Rakuten Launches Prepaid SIM card, Smartphone App for Tourists

Japanese e-commerce company Rakuten Communications has launched a tourism and information smartphone service, J-TripGateway. This mobile advertising service is designed to provide internet access to foreign tourists in Japan. The service combines a prepaid SIM card with a sightseeing information smartphone app which allows visitors to Japan to earn mobile data by viewing advertising content on their smartphones before and during their stay in Japan.

The service is initially aimed at Taiwanese tourists, though Rakuten is also considering expanding it across Asia, Europe and the Americas. On 22 January the J-TripGateway SIM cards became available online on AeroBile.com in Taiwan, and at a later date they will be available through Rakuten Taiwan Ichiba and other e-commerce enterprises and travel agencies in Taiwan.

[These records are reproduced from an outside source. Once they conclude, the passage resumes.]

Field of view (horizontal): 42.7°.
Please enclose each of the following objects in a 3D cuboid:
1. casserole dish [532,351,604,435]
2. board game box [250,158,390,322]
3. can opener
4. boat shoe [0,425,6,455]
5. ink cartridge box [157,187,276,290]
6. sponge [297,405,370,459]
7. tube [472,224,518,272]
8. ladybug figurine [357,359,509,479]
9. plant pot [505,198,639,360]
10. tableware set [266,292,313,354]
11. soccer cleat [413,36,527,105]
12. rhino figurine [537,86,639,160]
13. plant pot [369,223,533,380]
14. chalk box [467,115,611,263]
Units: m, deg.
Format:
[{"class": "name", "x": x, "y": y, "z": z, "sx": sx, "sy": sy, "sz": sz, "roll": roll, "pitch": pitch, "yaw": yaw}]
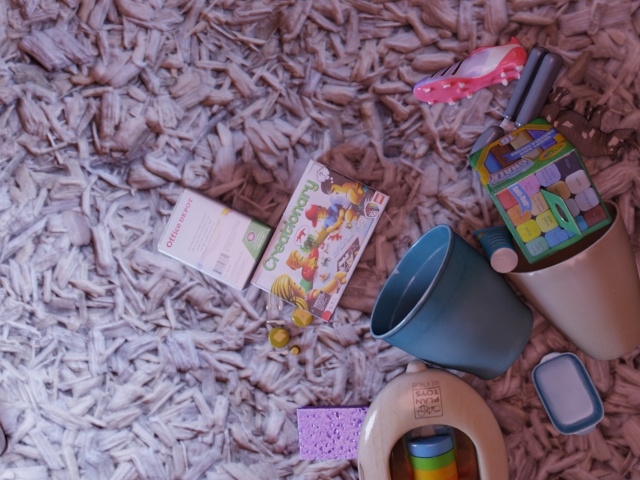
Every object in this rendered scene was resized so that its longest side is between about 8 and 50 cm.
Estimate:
[{"class": "casserole dish", "x": 0.528, "y": 0.325, "z": 1.755, "sx": 0.114, "sy": 0.037, "sz": 0.188, "roll": -26, "pitch": 88, "yaw": 7}, {"class": "board game box", "x": 0.000, "y": 0.000, "z": 1.785, "sx": 0.193, "sy": 0.053, "sz": 0.305, "roll": 26, "pitch": 90, "yaw": 5}, {"class": "can opener", "x": 0.407, "y": -0.262, "z": 1.690, "sx": 0.074, "sy": 0.093, "sz": 0.280, "roll": 43, "pitch": 117, "yaw": 41}, {"class": "boat shoe", "x": -0.842, "y": 0.376, "z": 1.883, "sx": 0.118, "sy": 0.103, "sz": 0.320, "roll": -27, "pitch": 89, "yaw": 7}, {"class": "ink cartridge box", "x": -0.228, "y": -0.004, "z": 1.803, "sx": 0.212, "sy": 0.093, "sz": 0.154, "roll": 25, "pitch": 94, "yaw": 4}, {"class": "sponge", "x": 0.055, "y": 0.426, "z": 1.816, "sx": 0.210, "sy": 0.031, "sz": 0.117, "roll": -2, "pitch": 92, "yaw": 6}, {"class": "tube", "x": 0.364, "y": 0.007, "z": 1.680, "sx": 0.080, "sy": 0.207, "sz": 0.052, "roll": -6, "pitch": 108, "yaw": 6}, {"class": "ladybug figurine", "x": 0.229, "y": 0.450, "z": 1.703, "sx": 0.305, "sy": 0.162, "sz": 0.449, "roll": -6, "pitch": 104, "yaw": 2}, {"class": "plant pot", "x": 0.541, "y": 0.098, "z": 1.660, "sx": 0.257, "sy": 0.256, "sz": 0.274, "roll": -32, "pitch": 106, "yaw": 7}, {"class": "tableware set", "x": -0.067, "y": 0.181, "z": 1.828, "sx": 0.104, "sy": 0.024, "sz": 0.154, "roll": -1, "pitch": 91, "yaw": 4}, {"class": "soccer cleat", "x": 0.316, "y": -0.360, "z": 1.742, "sx": 0.248, "sy": 0.083, "sz": 0.095, "roll": -15, "pitch": 62, "yaw": 12}, {"class": "rhino figurine", "x": 0.557, "y": -0.234, "z": 1.713, "sx": 0.243, "sy": 0.073, "sz": 0.106, "roll": 25, "pitch": 91, "yaw": 4}, {"class": "plant pot", "x": 0.283, "y": 0.145, "z": 1.677, "sx": 0.255, "sy": 0.271, "sz": 0.271, "roll": 32, "pitch": 96, "yaw": -11}, {"class": "chalk box", "x": 0.426, "y": -0.090, "z": 1.582, "sx": 0.179, "sy": 0.289, "sz": 0.180, "roll": -29, "pitch": 111, "yaw": 12}]

Advertising content partners include Taiwanese tourist booking service KKday Tours, as well as Rakuten services Voyagin and Rakuten Ticket, and tour and sightseeing information provided by travel companies in Japan. J-TripGateway is available for a recommended price of JPY 1,000 (US $9.02) for the basic version and JPY 1,800 (US $16.24) for a version with higher allowances.

Tarifica’s Take

Rakuten, an e-commerce and internet giant sometimes called “the Amazon of Japan,” has been offering MVNO services for several years now, over the network of NTT DoCoMo. This latest offering, aimed at Taiwanese tourists, is interesting because of the way in which it is built around mobile advertising. This kind of advertising, while certainly effective in many cases, has the potential to alienate users because it can be perceived as annoying at best and invasive of privacy at worst. But J-TripGateway gets around these problems by targeting an audience that will likely not share these objections.

For one thing, tourists in Japan will probably welcome ads that inform them of opportunities relating to their travels, especially considering that the ads are paired with sightseeing information. Furthermore, as the SIM is intended for short-term use, buyers can be expected to be more tolerant of the ads than long-term mobile subscribers would be. And finally, of course, linking bonus data to ad viewing increases the appeal for any user. On the whole, we feel this is a clever use of a mobile advertising platform in a tailored, special-purpose short-term MVNO offering.